WORK REQUIRED:
Where does the string "future" appear in the records? Copy every line that contains it.

*** DATA EXCERPTS ***

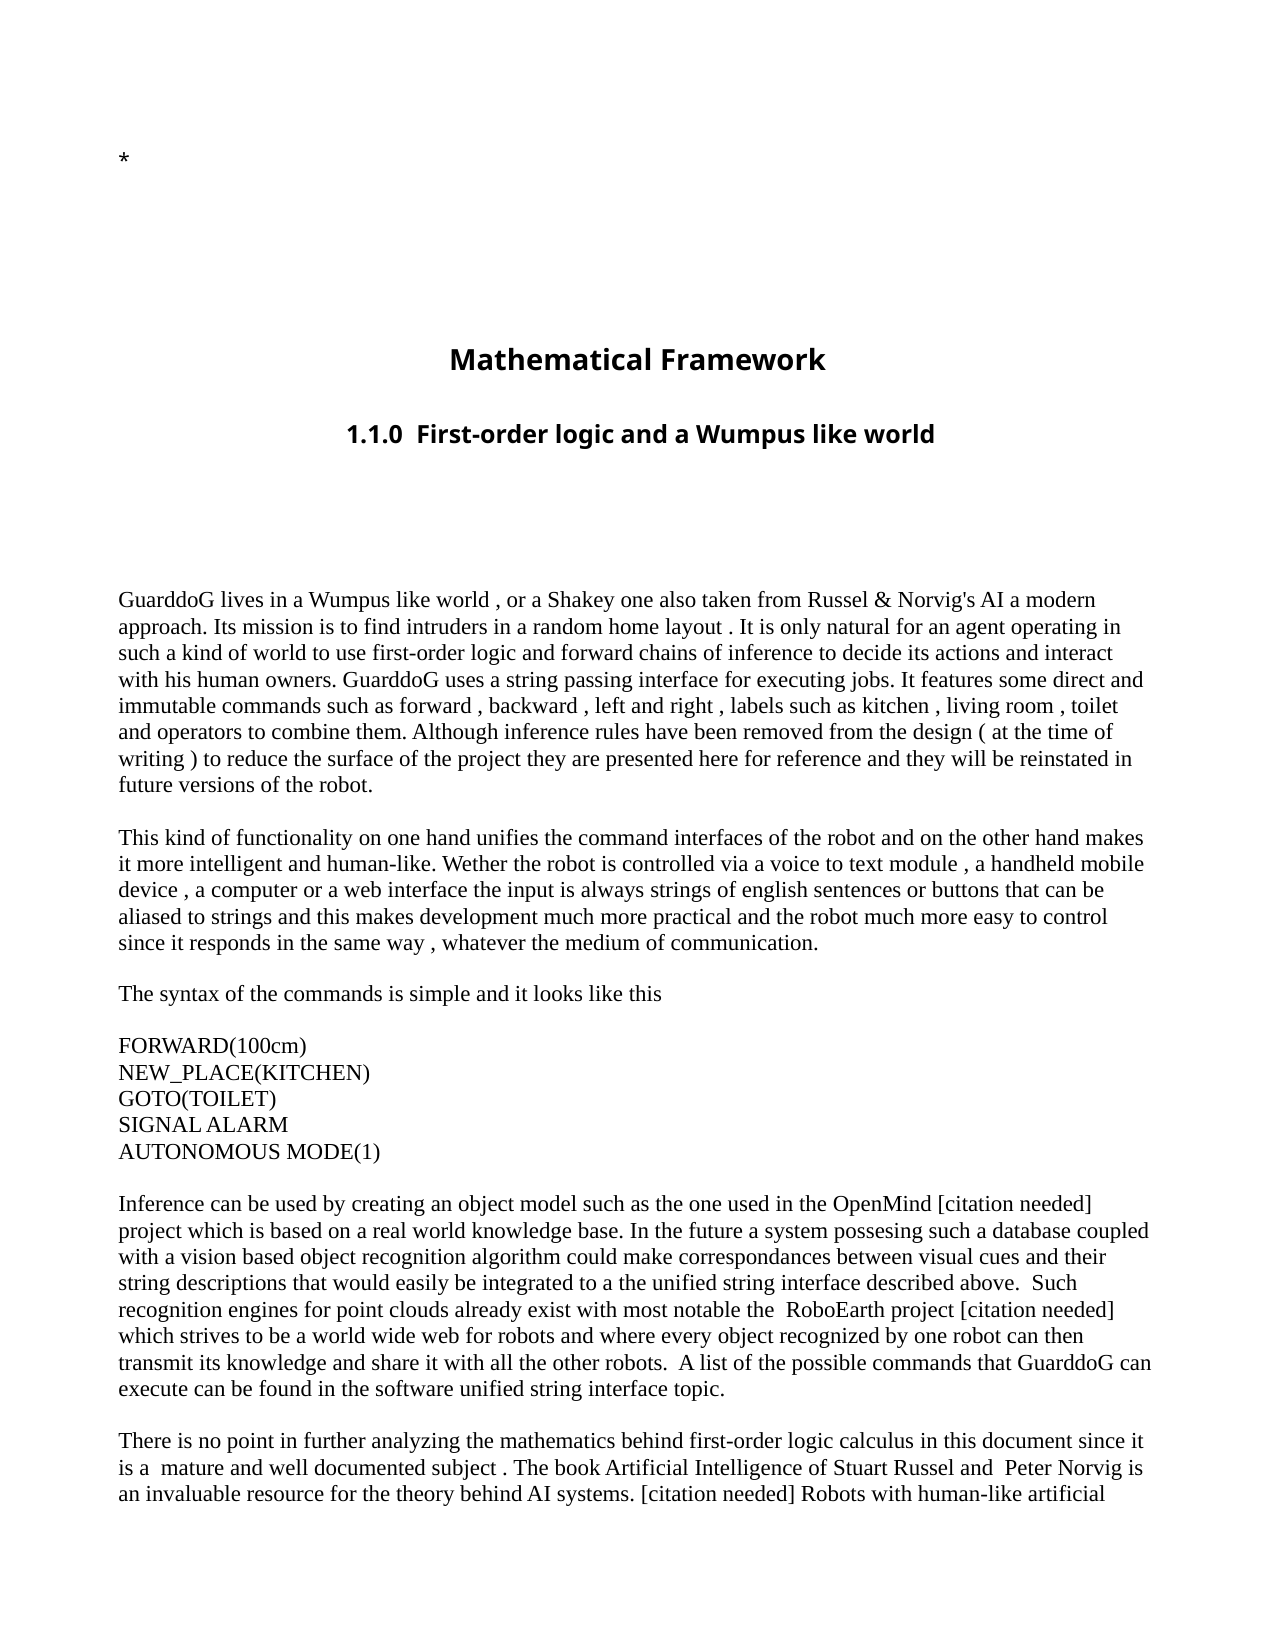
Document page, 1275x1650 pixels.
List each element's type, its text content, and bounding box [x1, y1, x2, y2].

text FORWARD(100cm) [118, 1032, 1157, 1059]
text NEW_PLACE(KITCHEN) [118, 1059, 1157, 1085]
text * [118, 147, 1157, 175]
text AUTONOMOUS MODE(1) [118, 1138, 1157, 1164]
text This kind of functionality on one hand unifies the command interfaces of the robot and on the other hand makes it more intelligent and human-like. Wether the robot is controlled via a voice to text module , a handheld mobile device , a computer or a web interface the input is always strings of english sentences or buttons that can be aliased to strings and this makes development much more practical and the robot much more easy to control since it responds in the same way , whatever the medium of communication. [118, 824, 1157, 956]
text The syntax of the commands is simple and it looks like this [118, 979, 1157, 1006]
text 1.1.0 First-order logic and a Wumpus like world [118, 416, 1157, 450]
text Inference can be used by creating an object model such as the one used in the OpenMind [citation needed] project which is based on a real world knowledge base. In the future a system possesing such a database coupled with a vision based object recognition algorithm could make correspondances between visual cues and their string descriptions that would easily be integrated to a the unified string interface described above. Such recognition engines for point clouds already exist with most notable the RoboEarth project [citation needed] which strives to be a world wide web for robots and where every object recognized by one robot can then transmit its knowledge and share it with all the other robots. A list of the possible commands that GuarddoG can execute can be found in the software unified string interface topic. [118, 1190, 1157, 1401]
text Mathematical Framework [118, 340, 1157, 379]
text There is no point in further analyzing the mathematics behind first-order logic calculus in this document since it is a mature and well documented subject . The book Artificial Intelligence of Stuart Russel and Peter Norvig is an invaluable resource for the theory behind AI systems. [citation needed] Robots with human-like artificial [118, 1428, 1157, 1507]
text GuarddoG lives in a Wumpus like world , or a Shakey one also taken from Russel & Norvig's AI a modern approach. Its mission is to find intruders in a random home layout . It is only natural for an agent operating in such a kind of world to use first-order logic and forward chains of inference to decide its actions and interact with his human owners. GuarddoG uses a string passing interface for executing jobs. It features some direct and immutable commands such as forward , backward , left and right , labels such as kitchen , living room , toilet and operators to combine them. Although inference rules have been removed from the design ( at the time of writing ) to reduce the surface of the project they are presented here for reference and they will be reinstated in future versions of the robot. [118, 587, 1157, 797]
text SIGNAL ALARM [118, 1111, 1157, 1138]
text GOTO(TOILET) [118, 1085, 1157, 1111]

*** End of DATA EXCERPTS ***

OUTPUT OF THE TASK:
text Inference can be used by creating an object model such as the one used in the OpenMind [citation needed] project which is based on a real world knowledge base. In the future a system possesing such a database coupled with a vision based object recognition algorithm could make correspondances between visual cues and their string descriptions that would easily be integrated to a the unified string interface described above. Such recognition engines for point clouds already exist with most notable the RoboEarth project [citation needed] which strives to be a world wide web for robots and where every object recognized by one robot can then transmit its knowledge and share it with all the other robots. A list of the possible commands that GuarddoG can execute can be found in the software unified string interface topic. [118, 1190, 1157, 1401]
text GuarddoG lives in a Wumpus like world , or a Shakey one also taken from Russel & Norvig's AI a modern approach. Its mission is to find intruders in a random home layout . It is only natural for an agent operating in such a kind of world to use first-order logic and forward chains of inference to decide its actions and interact with his human owners. GuarddoG uses a string passing interface for executing jobs. It features some direct and immutable commands such as forward , backward , left and right , labels such as kitchen , living room , toilet and operators to combine them. Although inference rules have been removed from the design ( at the time of writing ) to reduce the surface of the project they are presented here for reference and they will be reinstated in future versions of the robot. [118, 587, 1157, 797]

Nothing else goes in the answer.